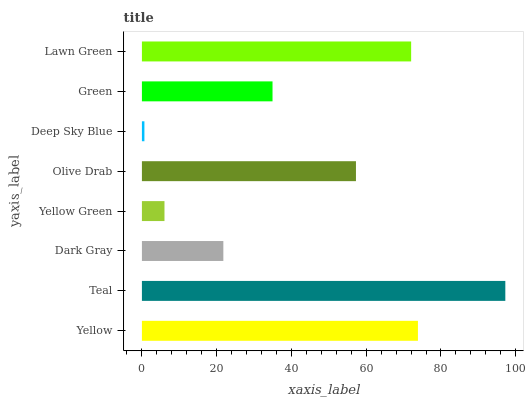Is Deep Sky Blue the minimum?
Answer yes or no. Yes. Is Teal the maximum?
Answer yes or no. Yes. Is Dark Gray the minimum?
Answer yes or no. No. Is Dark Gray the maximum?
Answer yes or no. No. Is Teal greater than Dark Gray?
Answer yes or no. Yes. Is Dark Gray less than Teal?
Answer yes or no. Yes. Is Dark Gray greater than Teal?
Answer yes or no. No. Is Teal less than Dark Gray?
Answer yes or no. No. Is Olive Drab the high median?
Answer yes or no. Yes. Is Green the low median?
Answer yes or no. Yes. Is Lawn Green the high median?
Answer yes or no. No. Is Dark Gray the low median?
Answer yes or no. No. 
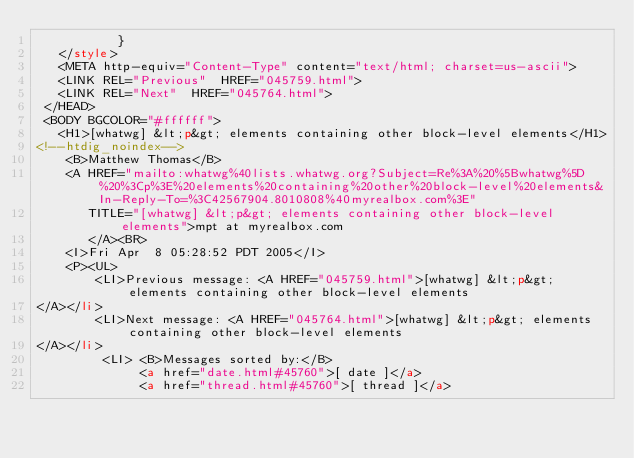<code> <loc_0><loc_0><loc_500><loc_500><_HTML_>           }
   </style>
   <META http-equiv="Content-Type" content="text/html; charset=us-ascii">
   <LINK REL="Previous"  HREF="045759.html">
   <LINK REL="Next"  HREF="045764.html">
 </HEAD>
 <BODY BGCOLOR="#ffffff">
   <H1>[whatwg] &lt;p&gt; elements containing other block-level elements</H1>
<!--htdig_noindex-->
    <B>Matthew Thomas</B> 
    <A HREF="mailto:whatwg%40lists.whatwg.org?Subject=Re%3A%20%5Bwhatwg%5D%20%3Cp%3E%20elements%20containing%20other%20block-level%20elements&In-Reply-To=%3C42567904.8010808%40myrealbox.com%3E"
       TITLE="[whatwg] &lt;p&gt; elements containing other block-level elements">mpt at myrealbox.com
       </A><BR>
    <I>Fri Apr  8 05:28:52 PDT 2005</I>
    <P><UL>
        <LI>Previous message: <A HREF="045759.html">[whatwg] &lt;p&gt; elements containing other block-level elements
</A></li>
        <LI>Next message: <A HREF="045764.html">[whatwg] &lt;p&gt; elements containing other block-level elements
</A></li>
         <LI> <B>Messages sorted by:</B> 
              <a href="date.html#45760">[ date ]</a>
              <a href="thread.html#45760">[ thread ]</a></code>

------------

WHAT IS BEING ASKED: Only the lines from the first line of the listing above through the line with "Answer yes or no. No. Is Dark Gray the low" should be set down, exactly and without pictures.

RESULT BELOW:
Is Deep Sky Blue the minimum?
Answer yes or no. Yes. Is Teal the maximum?
Answer yes or no. Yes. Is Dark Gray the minimum?
Answer yes or no. No. Is Dark Gray the maximum?
Answer yes or no. No. Is Teal greater than Dark Gray?
Answer yes or no. Yes. Is Dark Gray less than Teal?
Answer yes or no. Yes. Is Dark Gray greater than Teal?
Answer yes or no. No. Is Teal less than Dark Gray?
Answer yes or no. No. Is Olive Drab the high median?
Answer yes or no. Yes. Is Green the low median?
Answer yes or no. Yes. Is Lawn Green the high median?
Answer yes or no. No. Is Dark Gray the low median?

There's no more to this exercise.